- How can I speed up bulk loading or repairing of MyISAM tables?
There are two different methods that can be used by MySQL when it creates new indexes for MyISAM tables. MySQL will automatically decide which method to use based on the settings of a few parameters. You can view which one MySQL is using by running the SHOW PROCESSLIST statement while the operation is running and looking at the output.
These optimizations can only occur when you are doing the following operations:
- REPAIR TABLE
- ALTER TABLE ... ENABLE KEYS after doing an ALTER TABLE ... DISABLE KEYS and adding data between the two statements (such as done by mysqldump --opt)
- ALTER TABLE that requires an index rebuild
- OPTIMIZE TABLE
- LOAD DATA INFILE into an empty table
- Using myisamchk to do any of the above
- Any other operation that requires an index to be rebuilt and sets a write lock on the table
The first method MySQL can use is called Repair by keycache. This is the method that MySQL will use by default. It is also required when working with a UNIQUE or PRIMARY KEY due to the fact that MySQL needs to verify that all of the data is UNIQUE.
Repair by keycache will use the key_buffer in order to generate the indexes. So key_buffer variable should generally be set as large as possible while this operation is running. However, it will work even when the system has very little resources.
Using the key cache method is generally much slower than the second method, so it only should be used when required, such as when dealing with a UNIQUE or PRIMARY KEY or when the system has very little resources of which to take advantage.

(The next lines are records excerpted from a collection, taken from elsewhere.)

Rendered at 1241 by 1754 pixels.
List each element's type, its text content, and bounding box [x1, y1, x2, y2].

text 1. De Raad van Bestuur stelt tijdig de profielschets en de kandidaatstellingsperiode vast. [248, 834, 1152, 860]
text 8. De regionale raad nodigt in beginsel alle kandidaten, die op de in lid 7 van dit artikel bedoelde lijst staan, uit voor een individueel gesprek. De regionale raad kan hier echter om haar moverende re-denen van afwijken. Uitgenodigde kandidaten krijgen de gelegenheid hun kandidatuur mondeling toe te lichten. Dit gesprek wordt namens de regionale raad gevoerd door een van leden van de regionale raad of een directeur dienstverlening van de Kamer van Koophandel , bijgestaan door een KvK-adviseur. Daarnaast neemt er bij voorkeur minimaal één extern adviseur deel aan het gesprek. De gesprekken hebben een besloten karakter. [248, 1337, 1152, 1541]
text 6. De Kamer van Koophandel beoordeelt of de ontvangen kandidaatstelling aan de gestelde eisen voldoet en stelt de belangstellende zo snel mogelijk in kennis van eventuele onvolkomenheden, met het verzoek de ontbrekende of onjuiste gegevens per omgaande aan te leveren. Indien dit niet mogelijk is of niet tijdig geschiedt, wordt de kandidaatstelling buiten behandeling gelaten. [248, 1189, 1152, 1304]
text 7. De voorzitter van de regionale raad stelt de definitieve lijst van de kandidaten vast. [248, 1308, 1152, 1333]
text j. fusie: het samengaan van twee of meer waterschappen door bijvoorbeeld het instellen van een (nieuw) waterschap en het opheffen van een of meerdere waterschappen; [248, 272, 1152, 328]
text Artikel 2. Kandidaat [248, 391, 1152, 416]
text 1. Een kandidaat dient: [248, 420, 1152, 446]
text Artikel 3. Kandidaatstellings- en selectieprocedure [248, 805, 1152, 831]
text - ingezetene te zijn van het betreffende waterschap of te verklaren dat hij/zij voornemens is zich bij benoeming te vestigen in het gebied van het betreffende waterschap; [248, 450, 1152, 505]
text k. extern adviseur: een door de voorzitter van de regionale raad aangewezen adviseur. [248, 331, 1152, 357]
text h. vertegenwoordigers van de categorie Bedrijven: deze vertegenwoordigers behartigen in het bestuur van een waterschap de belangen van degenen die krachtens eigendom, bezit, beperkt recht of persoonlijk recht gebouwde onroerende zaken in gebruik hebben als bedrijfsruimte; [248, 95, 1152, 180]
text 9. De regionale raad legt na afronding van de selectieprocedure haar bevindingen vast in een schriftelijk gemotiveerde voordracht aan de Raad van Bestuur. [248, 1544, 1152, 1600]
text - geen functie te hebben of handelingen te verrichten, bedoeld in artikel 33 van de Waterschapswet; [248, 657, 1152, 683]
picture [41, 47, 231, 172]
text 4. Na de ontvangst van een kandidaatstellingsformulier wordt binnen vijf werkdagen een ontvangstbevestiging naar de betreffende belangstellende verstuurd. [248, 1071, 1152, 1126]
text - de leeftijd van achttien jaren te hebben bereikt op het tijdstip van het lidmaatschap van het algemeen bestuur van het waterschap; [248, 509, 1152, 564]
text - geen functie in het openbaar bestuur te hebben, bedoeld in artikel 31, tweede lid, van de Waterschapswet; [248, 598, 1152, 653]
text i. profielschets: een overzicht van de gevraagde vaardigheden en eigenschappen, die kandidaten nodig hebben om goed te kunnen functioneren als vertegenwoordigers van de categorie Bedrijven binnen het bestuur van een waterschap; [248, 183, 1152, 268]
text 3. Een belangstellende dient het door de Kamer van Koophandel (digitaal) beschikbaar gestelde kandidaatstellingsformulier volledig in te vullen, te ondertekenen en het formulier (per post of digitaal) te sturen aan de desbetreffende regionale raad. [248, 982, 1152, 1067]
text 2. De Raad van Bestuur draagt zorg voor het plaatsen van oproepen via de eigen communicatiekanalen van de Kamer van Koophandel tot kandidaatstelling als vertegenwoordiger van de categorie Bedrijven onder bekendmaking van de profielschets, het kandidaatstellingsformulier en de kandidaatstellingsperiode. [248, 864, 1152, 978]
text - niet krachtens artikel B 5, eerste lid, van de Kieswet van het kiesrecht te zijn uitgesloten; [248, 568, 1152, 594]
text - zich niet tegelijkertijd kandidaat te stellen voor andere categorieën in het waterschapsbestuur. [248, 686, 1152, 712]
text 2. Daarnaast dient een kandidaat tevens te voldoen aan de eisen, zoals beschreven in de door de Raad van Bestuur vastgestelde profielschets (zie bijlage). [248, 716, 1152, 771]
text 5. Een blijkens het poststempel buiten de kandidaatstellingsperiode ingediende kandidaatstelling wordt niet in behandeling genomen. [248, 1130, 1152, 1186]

The second method is called Repair by sort. This method is much faster than the Repair by keycache method. However, it will require more resources in order to function. This method will use a separate buffer in order to generate the indexes called myisam_sort_buffer_size. You will generally want to set this to as large as possible before doing the import, even up to 90% of system memory if only doing the load. This variable can be set without having to restart the server and can be done on a per session basis before the load occurs. Below is an example of how this might be done:
SET SESSION myisam_sort_buffer_size = 500*1024*1024;
In this example, the buffer size is set to 500MB. After performing this change, you could then do the operation and take advantage of the memory available. Of course, if normal database operations are ongoing, you would need to take into account the memory that's in use.
The second set of variables that are significant is the myisam_max_sort_file_size and the myisam_max_extra_sort_file_size. myisam_max_sort_file_size is the maximum size of the temporary file MySQL is allowed to use while re-creating a MyISAM index when using the sort method. Also, if the size of the temporary file needed to use the sort method exceeds key_buffer + myisam_max_extra_sort_file_size the slower key cache based method will be used.

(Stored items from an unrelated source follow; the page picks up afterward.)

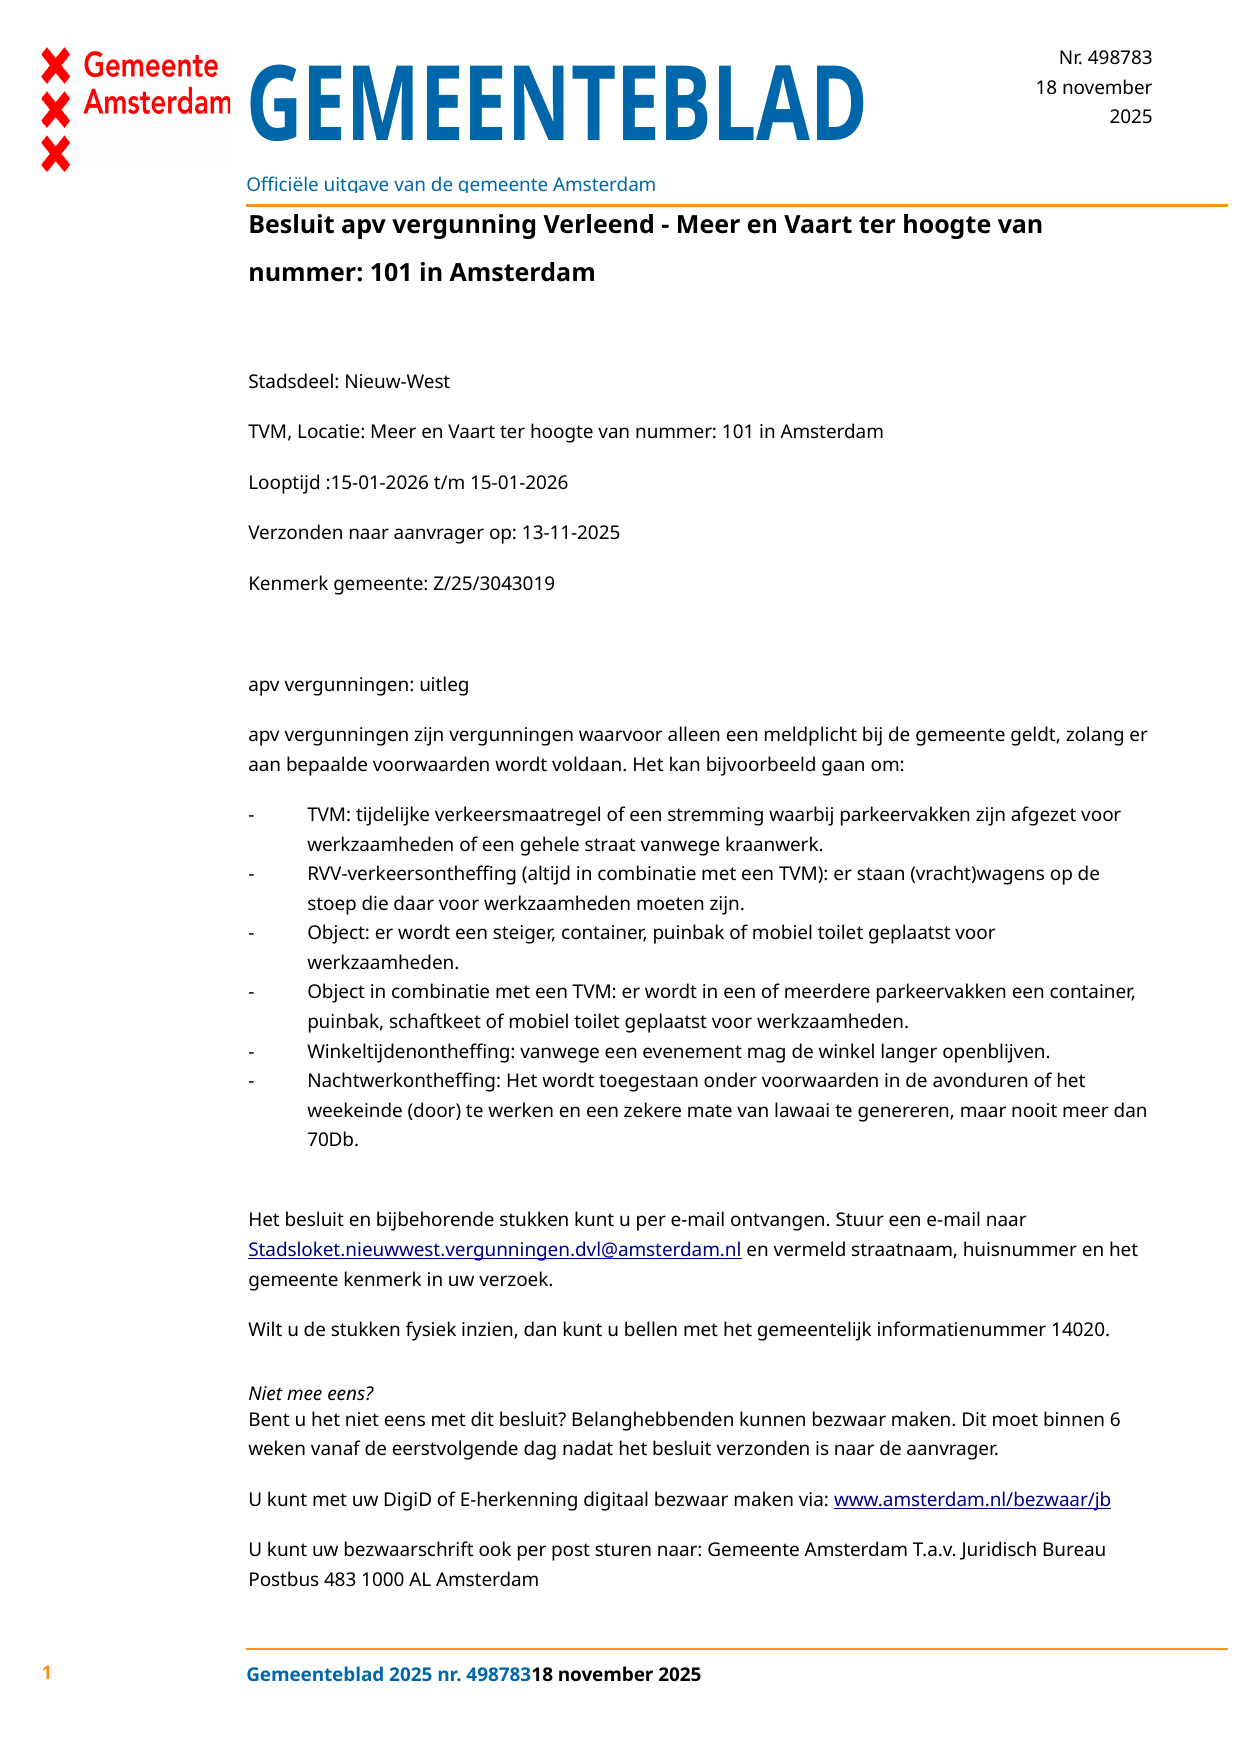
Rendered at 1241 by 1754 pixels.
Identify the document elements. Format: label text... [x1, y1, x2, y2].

text apv vergunningen zijn vergunningen waarvoor alleen een meldplicht bij de gemeente geldt, zolang er aan bepaalde voorwaarden wordt voldaan. Het kan bijvoorbeeld gaan om: [248, 721, 1152, 777]
text Wilt u de stukken fysiek inzien, dan kunt u bellen met het gemeentelijk informatienummer 14020. [248, 1316, 1152, 1342]
list Winkeltijdenontheffing: vanwege een evenement mag de winkel langer openblijven. [248, 1038, 1152, 1064]
text Het besluit en bijbehorende stukken kunt u per e-mail ontvangen. Stuur een e-mail naar Stadsloket.nieuwwest.vergunningen.dvl@amsterdam.nl en vermeld straatnaam, huisnummer en het gemeente kenmerk in uw verzoek. [248, 1207, 1152, 1292]
list Object: er wordt een steiger, container, puinbak of mobiel toilet geplaatst voor werkzaamheden. [248, 919, 1152, 975]
text Kenmerk gemeente: Z/25/3043019 [248, 570, 1152, 596]
picture [41, 47, 231, 172]
text Bent u het niet eens met dit besluit? Belanghebbenden kunnen bezwaar maken. Dit moet binnen 6 weken vanaf de eerstvolgende dag nadat het besluit verzonden is naar de aanvrager. [248, 1406, 1152, 1461]
text Besluit apv vergunning Verleend - Meer en Vaart ter hoogte van nummer: 101 in Amsterdam [248, 207, 1152, 288]
text Looptijd :15-01-2026 t/m 15-01-2026 [248, 469, 1152, 495]
list Nachtwerkontheffing: Het wordt toegestaan onder voorwaarden in de avonduren of het weekeinde (door) te werken en een zekere mate van lawaai te genereren, maar nooit meer dan 70Db. [248, 1067, 1152, 1152]
text Verzonden naar aanvrager op: 13-11-2025 [248, 519, 1152, 545]
text U kunt met uw DigiD of E-herkenning digitaal bezwaar maken via: www.amsterdam.nl/bezwaar/jb [248, 1486, 1152, 1512]
text Niet mee eens? [248, 1380, 1152, 1406]
text Stadsdeel: Nieuw-West [248, 368, 1152, 394]
list Object in combinatie met een TVM: er wordt in een of meerdere parkeervakken een container, puinbak, schaftkeet of mobiel toilet geplaatst voor werkzaamheden. [248, 979, 1152, 1034]
list TVM: tijdelijke verkeersmaatregel of een stremming waarbij parkeervakken zijn afgezet voor werkzaamheden of een gehele straat vanwege kraanwerk. [248, 801, 1152, 857]
text apv vergunningen: uitleg [248, 671, 1152, 697]
text U kunt uw bezwaarschrift ook per post sturen naar: Gemeente Amsterdam T.a.v. Juridisch Bureau Postbus 483 1000 AL Amsterdam [248, 1536, 1152, 1592]
list RVV-verkeersontheffing (altijd in combinatie met een TVM): er staan (vracht)wagens op de stoep die daar voor werkzaamheden moeten zijn. [248, 860, 1152, 916]
text TVM, Locatie: Meer en Vaart ter hoogte van nummer: 101 in Amsterdam [248, 419, 1152, 444]

The last setting that can be important is myisam_repair_threads. If you set this variable to a value larger than 1, then MySQL will create multiple indexes at a time. By default, MySQL will only use a single thread in order to do the index creation. This means that on an SMP system that it will only use a single CPU. With this turned on, MySQL will instead create a single thread for each index on the table. This will allow multiple CPU's to be used. One should only turn this on if there are multiple CPU's on a system that you want to use for a repair.
Note: Multi-threaded repair is still alpha quality code at the time of writing and was added in 4.0.13.